In Thüringen scheint die CDU andere Lehren gezogen zu haben.

Vielleicht müssen wir unseren Unvereinbarkeitsbeschluss nochmal ausbuchstabieren, wenn manche CDU-Kommunalpolitiker wie im Landkreis Bautzen der Meinung sind, den könne man auch anders lesen.

Bei der AfD geht man davon aus, die Opposition im Osten bald zu verlassen. Können Sie mit Sicherheit verneinen, dass die AfD mitregieren wird?

Ja. Ich glaube nicht, dass die AfD mitregieren wird. Die große Gefahr ist aber, dass die AfD irgendwann gar keinen Partner braucht, um zu regieren.

Sie trauen der AfD absolute Mehrheiten zu?

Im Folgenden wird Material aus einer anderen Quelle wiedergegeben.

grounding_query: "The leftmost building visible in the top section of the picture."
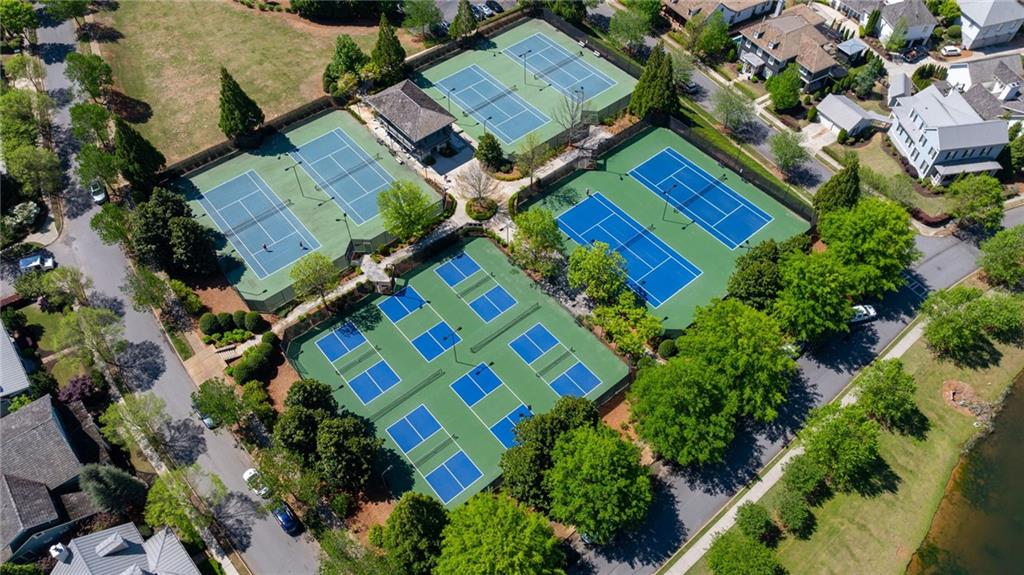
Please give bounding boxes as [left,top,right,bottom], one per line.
[365,78,458,163]
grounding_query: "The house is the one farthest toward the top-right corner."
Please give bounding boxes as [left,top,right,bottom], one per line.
[951,1,1024,52]
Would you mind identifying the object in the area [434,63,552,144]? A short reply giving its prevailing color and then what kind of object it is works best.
blue tennis court
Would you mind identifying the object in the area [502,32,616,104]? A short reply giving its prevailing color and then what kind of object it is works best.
blue tennis court
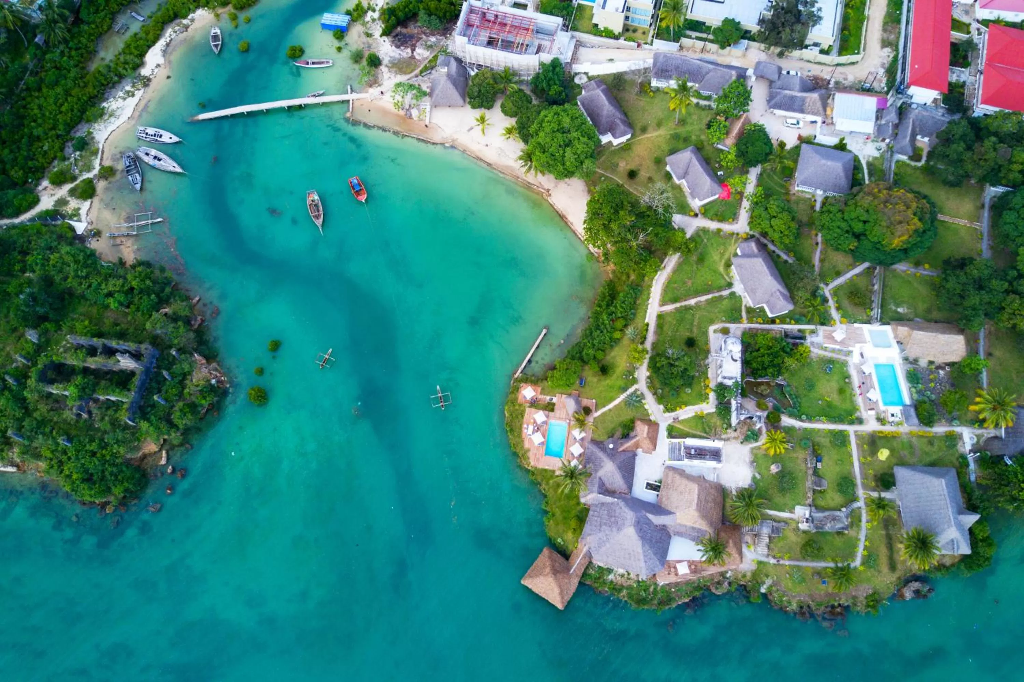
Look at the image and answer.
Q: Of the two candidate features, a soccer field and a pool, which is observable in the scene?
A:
pool
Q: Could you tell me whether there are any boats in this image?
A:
Yes
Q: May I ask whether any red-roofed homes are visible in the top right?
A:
Yes
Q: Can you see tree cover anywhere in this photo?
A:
Yes
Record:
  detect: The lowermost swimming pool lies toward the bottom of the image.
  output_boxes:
[543,420,570,459]
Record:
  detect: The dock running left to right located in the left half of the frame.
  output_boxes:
[191,94,369,125]
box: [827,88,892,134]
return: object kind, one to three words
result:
shed
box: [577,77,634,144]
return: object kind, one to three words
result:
house
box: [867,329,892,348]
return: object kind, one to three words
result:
swimming pool
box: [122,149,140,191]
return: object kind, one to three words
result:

Die AfD könnte mit unechter absoluter Mehrheit regieren. Wenn die AfD auf 41 Prozent käme, zwei oder drei andere Parteien knapp an der Fünf-Prozent-Hürde scheitern – das würde reichen. Das wäre furchtbar!

Und damit rechnen Sie im Wahljahr 2024?

Die AfD ist immer absolut ausmobilisiert. Mit Blick auf Thüringen bin ich wirklich besorgt. Es übersteigt meine Vorstellungskraft, dass irgendjemand aus dem demokratischen Lager mit dem Nazi Höcke gemeinsame Sache macht.

Auf manchen Ebenen der CDU-Landesverbände zieht man die AfD den Grünen vor?

Das sehe ich so nicht. Wer immer auf die schiefe Bahn gerät: Da wird es große, breite Widerstände geben.

Gleichzeitig ist es Anspruch einer Volkspartei, das breite Volk zu repräsentieren – und das erlebt gerade einen Rechtsrutsch. Widersteht die CDU dem Sog?

An rechts ist erstmal nichts auszusetzen, sondern an rechtsradikal. Wenn ein erheblicher Teil der Bevölkerung ins Rechtsradikale rutscht, mindestens ihre Wahlentscheidungen, kann die christdemokratische Volkspartei nicht signalisieren, dass sie mit rutscht, sondern muss sagen: Ab heute sind wir geschiedene Leute. Kommt zurück, bitte, oder wir werden uns bekämpfen. Konservativen Demokratinnen und Demokraten muss die Union aber ein gutes Angebot machen, wie Altbundespräsident Joachim Gauck in seinem neuen Buch „Erschütterungen“ völlig richtig schreibt. Die SPD darf das gern auch tun, möchte ich ergänzen.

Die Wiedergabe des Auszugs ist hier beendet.